Dove il “fatto” è la corruzione internazionale contestata dalla procura: le operazioni dell’Eni per acquisire il giacimento non possono essere classificate come uno scambio corruttivo con i politici nigeriani, questa è ora la verità giudiziaria.

Il processo del decennio si è consumato sulla qualificazione giuridica di fatti non contestati da nessuna delle parti: da ministro del petrolio della Nigeria Dan Etete si auto assegna un giacimento colossale (se non ci fossero rischi di querela si userebbero altri verbi), poi la sua società Malabu prova a venderlo a due società occidentali, Eni e Shell.

Dopo un po’ di tentativi falliti, la trattativa si sblocca quando sono esponenti del governo nigeriano a fare da mediatori. Il miliardo e 300 milioni per il giacimento non va allo stato nigeriano, i soldi finiscono prima su un conto vincolato e poi arrivano a Etete e altri intermediari della politica nigeriana.

Non era un caso facile: l’Eni ha sempre sostenuto di aver fatto l’unica cosa lecita e legittima, trattare con una controparte riconosciuta come il governo nigeriano. L’accusa sosteneva la “teoria del preservativo” (celebre metafora dell’Economist), cioè che il governo nigeriano fosse una sottile barriera protettiva che permetteva di consumare il rapporto corruttivo. Il tribunale di Milano, e ora la procura generale, hanno deciso cha ha ragione l’Eni.

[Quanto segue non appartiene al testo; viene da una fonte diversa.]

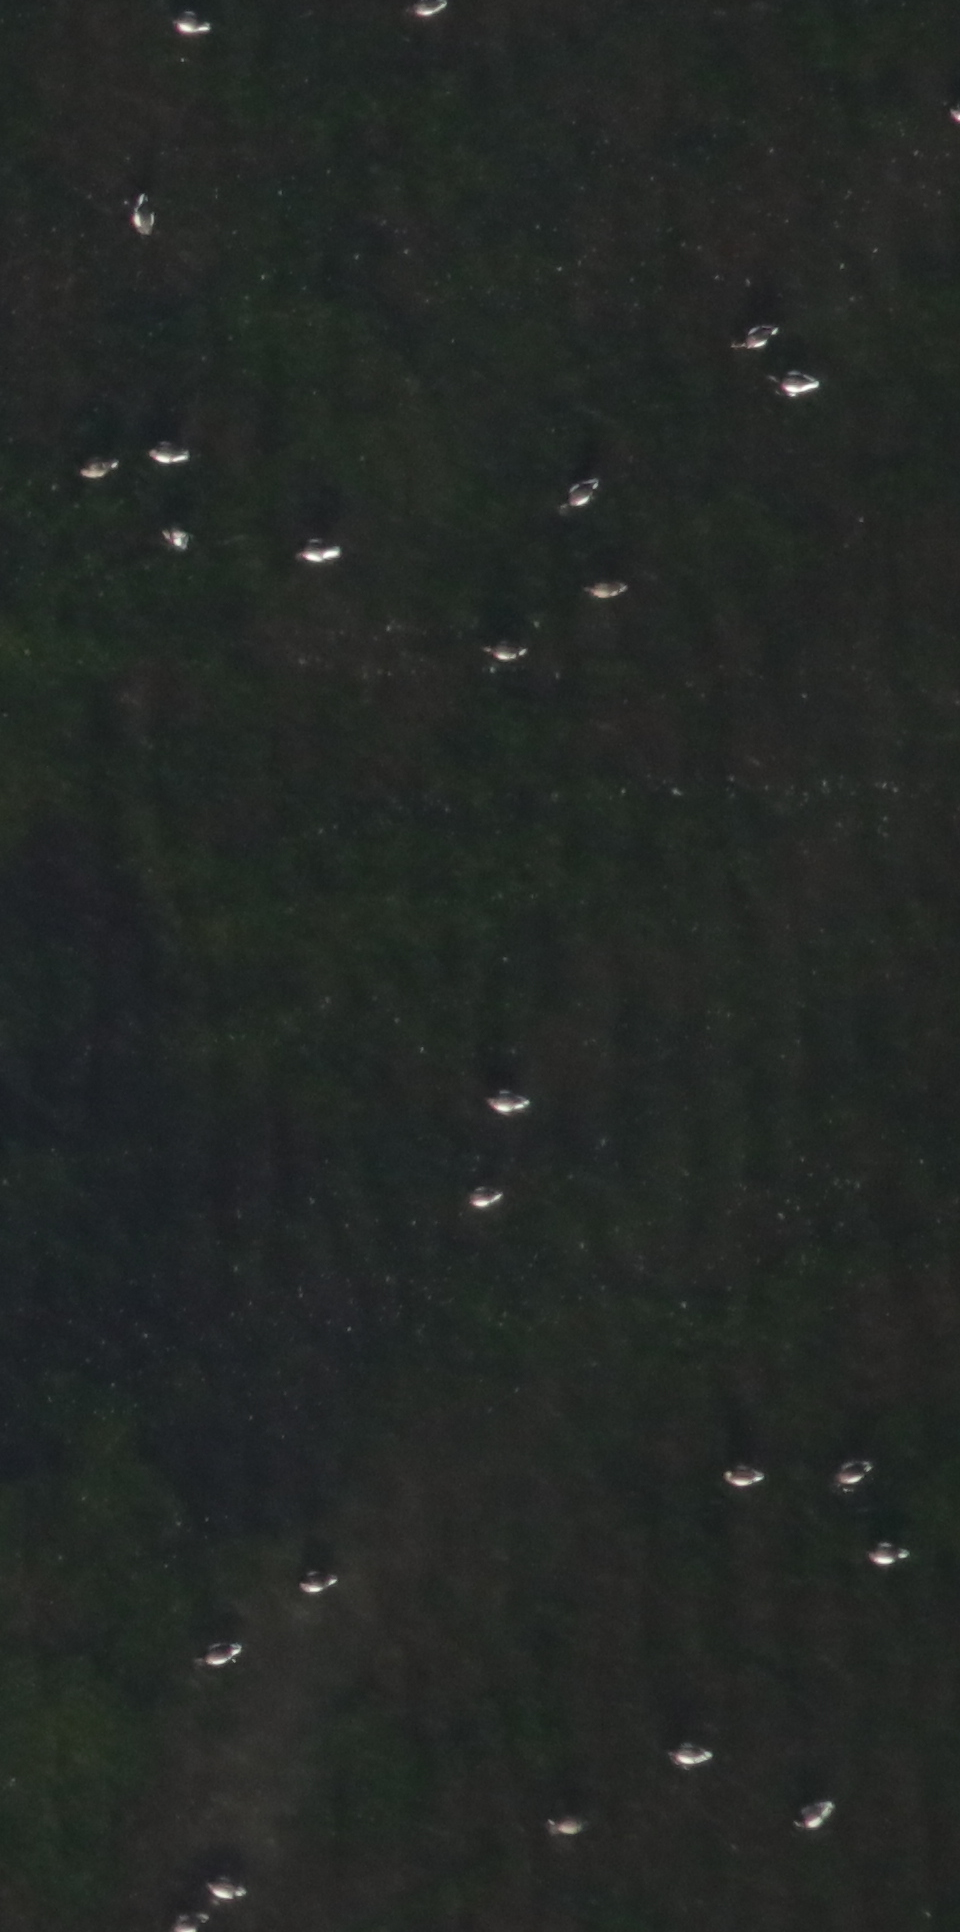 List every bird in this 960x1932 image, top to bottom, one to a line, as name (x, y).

Ora non resta che sperare che si stia chiudendo un’epoca di veleni ed errori. Gli errori nella politica energetica che, via Eni, ha legato l’Italia alla Russia di Vladimir Putin e i veleni del processo milanese. Speriamo che la vicenda Opl245 abbia spinto Eni a migliorare le sue regole interne di corporate governance per prevenire ogni ambiguità e abbia depurato l’azienda dai personaggi assai dubbi che hanno animato questo processo (Vincenzo Armanna, Piero Amara e tanti altri).

E che l’anno prossimo, con la scelta del nuovo amministratore delegato dopo il termine del mandato di Claudio Descalzi, ci sia davvero un nuovo inizio per l’azienda più strategica del paese.